In 1965, Gerald Klerman and Jonathan Cole, then at the National Institute of Mental Health, completed the first comprehensive review of the clinical pharmacology of the two original antidepressant medications, tricyclic antidepressants (named for their chemical structure; how they worked was unknown at the time) and monoamine oxidase inhibitors (named for the enzyme such drugs were discovered to inhibit during anti-tuberculosis trials). They reported that in the first four placebo-controlled trials of imipramine (a tricyclic antidepressant) lasting four or more weeks, 54 to 78 percent of treated patients significantly improved, versus 16 to 41 percent of patients who received a placebo. They also observed that “patients under 40 and those with predominantly neurotic depressions have a very high placebo response rate.” Last, they reported that in inpatient studies of newly hospitalized patients, 62 percent of 269 depressed patients who received antidepressants improved while only 46 percent of 199 placebo-treated patients improved.
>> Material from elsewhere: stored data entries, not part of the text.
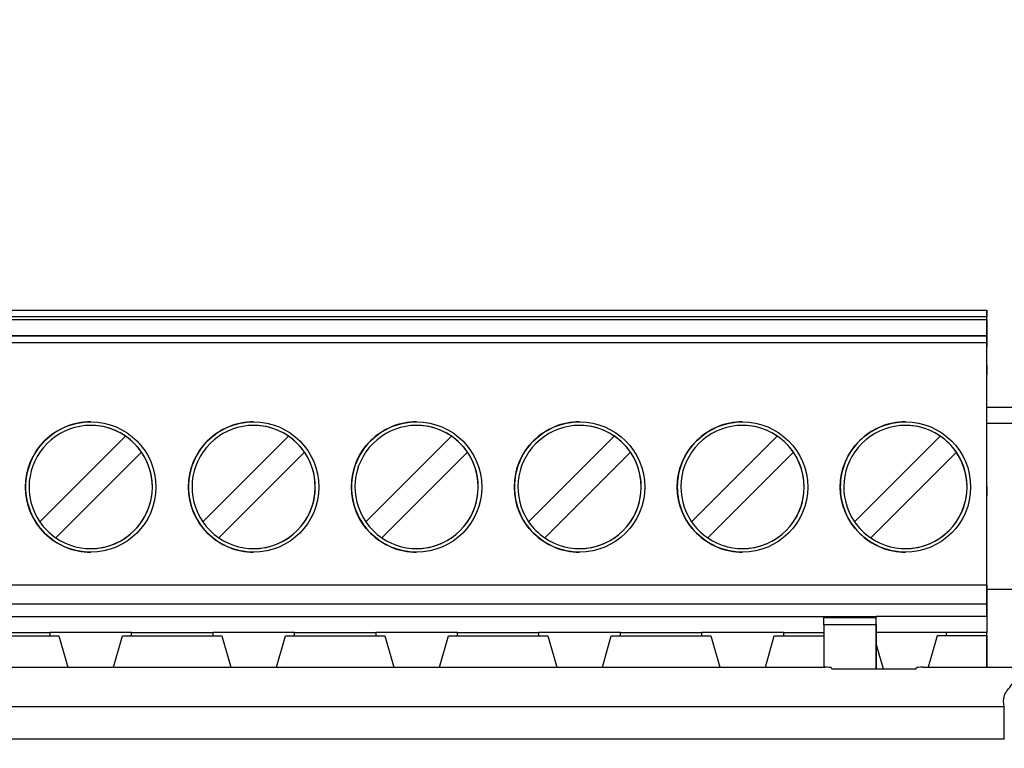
# Paper-space layout 'Sheet1' of a CAD drawing. Header units: millimetres. Extents: x 0 to 420, y 0 to 297.
# Tile 55 of 135: x 58.1 to 64.15, y 247.59 to 252.06. Entities that reach past the tile are written whole.
import ezdxf

# ---------------------------------------------------------------- set-up
doc = ezdxf.new("R2010")
doc.units = ezdxf.units.MM
doc.layers.add('SLD-0', color=179, linetype='Continuous')
doc.styles.add('SLDTEXTSTYLE1', font='TXT', dxfattribs={"width": 0.75})
doc.styles.add('SLDTEXTSTYLE3', font='TXT', dxfattribs={"width": 0.96})
doc.dimstyles.new('SLDDIMSTYLE3', dxfattribs={"dimtxt": 2.5, "dimasz": 3.302, "dimexe": 0, "dimexo": 0.0625, "dimtad": 1, "dimdec": 1, "dimlfac": 5, "dimrnd": 1e-09, "dimzin": 4, "dimdsep": 46, "dimtxsty": 'SLDTEXTSTYLE1', "dimblk1": 'NONE', "dimblk2": 'NONE', "dimsah": 1, "dimcen": 0, "dimadec": 0, "dimazin": 1, "dimtfac": 1, "dimtmove": 0, "dimatfit": 3, "dimldrblk": 'NONE', "dimfxl": 1, "dimfrac": 2, "dimtolj": 1, "dimtzin": 12, "dimarcsym": 0})

# ---------------------------------------------------------------- blocks, each defined once
blk = doc.blocks.new('_D_23')
at = {"layer": 'SLD-0', "color": 179}
for p, q in [((163.9992, 261.4925), (154.0234, 261.4925)), ((172.7997, 249.8964), (163.9992, 261.4925)), ((171.3844, 252.5884), (170.5878, 251.9839)), ((171.3844, 252.5884), (172.7997, 249.8964)), ((172.7997, 249.8964), (170.9861, 252.2862)), ((172.7997, 249.8964), (170.5878, 251.9839)), ((175.5201, 246.3118), (172.7997, 249.8964))]:
    blk.add_line(p, q, dxfattribs=at)
at = {"layer": 'SLD-0', "color": 179, "char_height": 2.5, "attachment_point": 1, "style": 'SLDTEXTSTYLE3'}
for s, insert in [('%%c', (152.7734, 264.5278)), ('9.0', (157.7937, 264.566))]:
    blk.add_mtext(s, dxfattribs=dict(at, insert=insert))
blk = doc.blocks.new('_None')
blk = doc.blocks.new('_D_24')
at = {"layer": 'SLD-0', "color": 179}
for p, q in [((241.4525, 256.6969), (250.7091, 264.1314)), ((250.7091, 264.1314), (262.5322, 264.1314)), ((241.4525, 256.6969), (243.4784, 258.9654)), ((244.1046, 258.1857), (243.4784, 258.9654)), ((241.4525, 256.6969), (243.7915, 258.5755)), ((244.1046, 258.1857), (241.4525, 256.6969)), ((236.3847, 252.6267), (241.4525, 256.6969))]:
    blk.add_line(p, q, dxfattribs=at)
at = {"layer": 'SLD-0', "color": 179, "char_height": 2.5, "attachment_point": 1, "style": 'SLDTEXTSTYLE3'}
for s, insert in [('%%c', (251.0466, 267.1667)), ('13.0', (256.0669, 267.2049))]:
    blk.add_mtext(s, dxfattribs=dict(at, insert=insert))

psp = doc.layouts.new('Sheet1')

# ---------------------------------------------------------------- linework, layer by layer
at = {"layer": 'SLD-0', "color": 179, "linetype": 'Continuous', "lineweight": 25}
for p, q in [((54.0388, 250.2788), (64.0388, 250.2788)), ((64.0388, 250.2788), (64.0388, 250.2388)), ((64.0388, 249.8526), (64.0388, 250.2788)), ((54.0388, 250.2388), (64.0388, 250.2388)), ((64.0388, 250.2188), (54.0388, 250.2188)), ((64.0388, 250.2188), (64.0388, 250.2388)), ((64.0388, 250.2188), (64.0388, 250.0547)), ((54.0388, 250.1228), (64.0388, 250.1228)), ((64.0388, 250.1179), (54.0388, 250.1179)), ((64.0388, 250.1179), (64.0388, 250.1228)), ((64.0388, 250.1228), (64.0388, 250.0547)), ((64.0388, 250.1179), (64.0388, 250.078)), ((64.0388, 250.078), (54.0388, 250.078)), ((64.0388, 248.5928), (64.0388, 250.078)), ((64.0388, 249.9387), (64.0388, 249.8825)), ((64.0388, 249.8825), (64.0388, 249.9387)), ((64.0388, 249.1949), (64.0388, 249.8825)), ((64.0388, 249.8526), (64.0388, 249.8825)), ((64.0388, 249.6836), (64.2483, 249.6836)), ((58.2265, 248.9794), (58.7522, 249.5052)), ((59.2265, 248.9794), (59.7522, 249.5052)), ((60.2265, 248.9794), (60.7522, 249.5052)), ((61.2265, 248.9794), (61.7522, 249.5052)), ((62.2265, 248.9794), (62.7522, 249.5052)), ((63.2265, 248.9794), (63.7522, 249.5052)), ((58.8512, 249.4062), (58.3255, 248.8804)), ((59.8512, 249.4062), (59.3255, 248.8804)), ((60.8512, 249.4062), (60.3255, 248.8804)), ((61.8512, 249.4062), (61.3255, 248.8804)), ((62.8512, 249.4062), (62.3255, 248.8804)), ((63.8512, 249.4062), (63.3255, 248.8804)), ((64.0388, 249.1949), (64.0388, 249.2298)), ((64.0388, 248.4728), (64.0388, 249.2298)), ((64.0388, 249.1387), (64.0388, 249.1949)), ((64.0388, 249.1949), (64.0388, 249.1387)), ((54.0388, 248.5928), (64.0388, 248.5928)), ((64.0388, 248.5928), (64.0388, 248.4728)), ((64.1947, 248.563), (64.0388, 248.563)), ((64.0388, 248.4728), (54.0388, 248.4728)), ((64.0388, 248.3988), (64.0388, 248.4728)), ((64.0388, 248.4728), (64.0388, 248.2988)), ((55.0388, 248.3988), (63.0388, 248.3988)), ((63.0388, 248.3988), (63.3588, 248.3988)), ((63.0388, 248.3988), (63.0388, 248.3924)), ((63.0388, 248.3924), (63.3588, 248.3924)), ((63.0388, 248.3473), (63.0388, 248.3924)), ((63.3588, 248.3473), (63.0388, 248.3473)), ((63.0388, 248.3473), (63.0388, 248.0861)), ((64.0388, 248.3988), (63.3588, 248.3988)), ((63.3588, 248.3988), (63.3588, 248.3924)), ((63.3588, 248.3362), (63.3588, 248.3988)), ((63.3588, 248.3473), (63.3588, 248.3924)), ((63.3588, 248.3473), (63.3588, 248.0757)), ((64.0388, 248.3988), (64.0388, 248.2988)), ((57.7898, 248.2988), (58.2878, 248.2988)), ((58.7898, 248.2988), (58.2878, 248.2988)), ((58.2878, 248.2988), (58.2878, 248.2788)), ((58.7898, 248.2988), (59.2878, 248.2988)), ((58.7898, 248.2788), (58.7898, 248.2988)), ((59.7898, 248.2988), (59.2878, 248.2988)), ((59.2878, 248.2988), (59.2878, 248.2788)), ((59.7898, 248.2988), (60.2878, 248.2988)), ((59.7898, 248.2788), (59.7898, 248.2988)), ((60.7898, 248.2988), (60.2878, 248.2988)), ((60.2878, 248.2988), (60.2878, 248.2788)), ((60.7898, 248.2988), (61.2878, 248.2988)), ((60.7898, 248.2788), (60.7898, 248.2988)), ((61.7898, 248.2988), (61.2878, 248.2988)), ((61.2878, 248.2988), (61.2878, 248.2788)), ((61.7898, 248.2988), (62.2878, 248.2988)), ((61.7898, 248.2788), (61.7898, 248.2988)), ((62.7898, 248.2988), (62.2878, 248.2988)), ((62.2878, 248.2988), (62.2878, 248.2788)), ((62.7898, 248.2988), (63.0388, 248.2988)), ((62.7898, 248.2988), (62.7898, 248.2788)), ((63.3588, 248.0757), (63.3588, 248.3362)), ((63.7898, 248.2988), (63.3588, 248.2988)), ((64.0388, 248.2988), (63.7898, 248.2988)), ((63.7898, 248.2788), (63.7898, 248.2988)), ((64.0388, 248.2788), (64.0388, 248.2988)), ((57.7338, 248.2788), (58.3438, 248.2788)), ((58.3438, 248.2788), (58.3987, 248.0861)), ((58.679, 248.0861), (58.7338, 248.2788)), ((58.7338, 248.2788), (59.3438, 248.2788)), ((59.3438, 248.2788), (59.3987, 248.0861)), ((59.679, 248.0861), (59.7338, 248.2788)), ((59.7338, 248.2788), (60.3438, 248.2788)), ((60.3438, 248.2788), (60.3987, 248.0861)), ((60.679, 248.0861), (60.7338, 248.2788)), ((60.7338, 248.2788), (61.3438, 248.2788)), ((61.3438, 248.2788), (61.3987, 248.0861)), ((61.679, 248.0861), (61.7338, 248.2788)), ((61.7338, 248.2788), (62.3438, 248.2788)), ((62.3438, 248.2788), (62.3987, 248.0861)), ((62.3438, 248.2788), (62.3987, 248.0861)), ((62.679, 248.0861), (62.7338, 248.2788)), ((62.7338, 248.2788), (63.0388, 248.2788)), ((63.3588, 248.2261), (63.4017, 248.0757)), ((63.7338, 248.2788), (63.679, 248.0861)), ((64.0388, 248.2788), (63.7338, 248.2788)), ((64.0388, 248.0861), (64.0388, 248.2788)), ((64.0388, 248.2788), (64.0388, 248.0861)), ((54.8446, 248.0861), (63.0434, 248.0861)), ((63.0834, 248.0841), (63.0845, 248.0777)), ((63.1245, 248.0757), (63.5651, 248.0757)), ((63.6051, 248.0777), (63.6062, 248.0841)), ((63.6462, 248.0861), (64.1991, 248.0861)), ((53.7419, 247.8445), (64.1454, 247.8445)), ((64.1454, 247.6448), (64.1454, 247.8445)), ((64.1454, 247.6448), (53.7419, 247.6448))]:
    psp.add_line(p, q, dxfattribs=at)
at = {"layer": 'SLD-0', "color": 8, "linetype": 'Continuous', "lineweight": 25}
psp.add_line((64.2483, 249.5836), (64.0388, 249.5836), dxfattribs=at)
at = {"layer": 'SLD-0', "color": 179, "linetype": 'Continuous', "lineweight": 25}
for centre in [(58.5388, 249.1928), (59.5388, 249.1928), (60.5388, 249.1928), (61.5388, 249.1928), (62.5388, 249.1928), (63.5388, 249.1928)]:
    psp.add_circle(centre, 0.4, dxfattribs=at)
for centre, radius, start, end in [((58.5388, 249.1928), 0.4, 89.99999, 179.99999), ((58.5388, 249.1928), 0.3783, 55.66343, 214.33656), ((58.5388, 249.1928), 0.3783, 359.99999, 89.99999), ((59.5388, 249.1928), 0.4, 89.99999, 179.99999), ((59.5388, 249.1928), 0.3783, 55.66343, 214.33659), ((59.5388, 249.1928), 0.3783, 270, 89.99999), ((60.5388, 249.1928), 0.4, 89.99999, 179.99999), ((60.5388, 249.1928), 0.3783, 55.66343, 214.33659), ((60.5388, 249.1928), 0.3783, 270, 89.99999), ((61.5388, 249.1928), 0.4, 89.99999, 179.99999), ((61.5388, 249.1928), 0.3783, 55.66343, 214.33656), ((61.5388, 249.1928), 0.3783, 270, 89.99999), ((62.5388, 249.1928), 0.4, 89.99999, 179.99999), ((62.5388, 249.1928), 0.3783, 55.66343, 214.33659), ((62.5388, 249.1928), 0.3783, 270, 89.99999), ((63.5388, 249.1928), 0.4, 89.99999, 179.99999), ((63.5388, 249.1928), 0.3783, 55.66343, 214.33659), ((63.5388, 249.1928), 0.3783, 359.99999, 89.99999), ((58.5388, 249.1928), 0.3783, 34.33659, 55.66343), ((59.5388, 249.1928), 0.3783, 34.33659, 55.66343), ((60.5388, 249.1928), 0.3783, 34.33659, 55.66343), ((61.5388, 249.1928), 0.3783, 34.33659, 55.66343), ((62.5388, 249.1928), 0.3783, 34.33659, 55.66343), ((63.5388, 249.1928), 0.3783, 34.33659, 55.66343), ((58.5388, 249.1928), 0.3783, 235.66344, 34.33659), ((59.5388, 249.1928), 0.3783, 235.6634, 34.33659), ((60.5388, 249.1928), 0.3783, 235.6634, 34.33659), ((61.5388, 249.1928), 0.3783, 235.66344, 34.33659), ((62.5388, 249.1928), 0.3783, 235.6634, 34.33659), ((63.5388, 249.1928), 0.3783, 235.6634, 34.33659), ((58.5388, 249.1928), 0.4, 179.99999, 270), ((58.5388, 249.1928), 0.3783, 270, 359.99999), ((59.5388, 249.1928), 0.4, 179.99999, 270), ((60.5388, 249.1928), 0.4, 179.99999, 270), ((61.5388, 249.1928), 0.4, 179.99999, 270), ((62.5388, 249.1928), 0.4, 179.99999, 270), ((63.5388, 249.1928), 0.4, 179.99999, 270), ((63.5388, 249.1928), 0.3783, 270, 359.99999), ((58.5388, 249.1928), 0.3783, 214.33656, 235.66344), ((59.5388, 249.1928), 0.3783, 214.33659, 235.6634), ((60.5388, 249.1928), 0.3783, 214.33659, 235.6634), ((61.5388, 249.1928), 0.3783, 214.33656, 235.66344), ((62.5388, 249.1928), 0.3783, 214.33659, 235.6634), ((63.5388, 249.1928), 0.3783, 214.33659, 235.6634)]:
    psp.add_arc(centre, radius, start, end, dxfattribs=at)
for centre, start_param, end_param in [((63.0434, 248.084), 0.008727, 1.570814), ((63.1245, 248.0778), 3.150577, 4.712389), ((63.5651, 248.0778), 4.712393, 6.274459), ((63.6462, 248.084), 1.570796, 3.132402)]:
    psp.add_ellipse(centre, major_axis=(0.04, 0), ratio=0.052408, start_param=start_param, end_param=end_param, dxfattribs=at)
psp.add_open_spline([(64.1454, 247.8445), (64.1414, 247.8671), (64.1333, 247.9122), (64.1908, 247.975), (64.2279, 248.033), (64.2087, 248.0684), (64.1991, 248.0861)], degree=3, knots=[0, 0, 0, 0, 0.279761, 0.560194, 0.780351, 1, 1, 1, 1], dxfattribs=at)

# ---------------------------------------------------------------- dimensions: what is measured, and where the dimension line sits
at = {"layer": 'SLD-0', "color": 179}
for p1, picture, middle in [((0.8895, 0.9481), '_D_24', (257.4144, 266.2477)), ((0.5171, 0.7366), '_D_23', (158.2176, 263.6089))]:
    dim = psp.add_diameter_dim_2p(p1=p1, p2=(0, 0), dimstyle='SLDDIMSTYLE3', dxfattribs=at)
    dim.commit()
    dim.dimension.update_dxf_attribs({"geometry": picture, "text_midpoint": middle, "dimtype": 163})

doc.saveas('drawing.dxf')

In chronically hospitalized depressed patients, 60 percent of 58 imipramine-treated patients improved, compared with 16 percent of 64 placebo-treated patients.3
It’s not that the high placebo responses Kirsch has repeatedly reported were new or unrecognized. Klerman and Cole noted in their review that “there is some evidence that depressed patients are affected by the attitudes of their doctors towards these drugs, and some evidence that the patient’s expectations influence his response to placebo.”4 In the classic textbook of medical therapeutics, Ross Baldessarini has noted that “a major problem with antidepressants is that ... placebo response rates tend to be as high as 30 percent to 40 percent among research subjects diagnosed with major depression” and that “separation of response rates to active antidepressants from placebo improves when patients are selected for moderate but not extreme severity, presence and persistence of classic melancholic ... symptoms, and absence of bipolar states.”5
Furthermore, Kirsch does not cite the important observations of B. Timothy Walsh and colleagues at Columbia University, who noted a progressive increase in the proportion of placebo responders in efficacy trials of antidepressants in the past 25 years, perhaps due to the pressures on researchers to recruit patients via advertisements and enroll them quickly.6 Similarly, Kirsch neglects the report of FDA-submitted data by Arif Khan, Northwest Medical Research Center, and colleagues (although he cites later data from them), who have observed that when researchers are allowed to use flexible doses rather than fixed doses of antidepressants in FDA efficacy trials, 60 percent of studies showed significantly better results in patients who received antidepressant treatment than in patients who received a placebo.7
Kirsch also ignores the data of Martin Keller and colleagues at Brown University, who found that a selective serotonin reuptake inhibitor, sertraline, afforded “significantly greater prophylaxis against recurrence (of depression) than did placebo.” That report concluded that “maintenance therapy with sertraline is well tolerated and has significant efficacy in preventing recurrence or re-emergence of depression in chronically depressed patients.”8 In fact, Kirsch seems unaware of the conclusion of colleagues he does cite, Andrea Cipriani and Corrado Barbui, University of Verona, (chapter 4, citation 30, a paper never published), whose research review suggested “that sertraline might be a strong candidate as the initial choice of antidepressant in people with acute major depression.”9
In short, despite media attention10 and potential appeal to people who lack medical training, the book misses the mark. New antidepressants are effective, and depression is a real and serious disabling illness with high global prevalence and high rates of recurrence and chronicity. The search for new drugs will continue, but not because of Kirsch’s short-sighted analyses.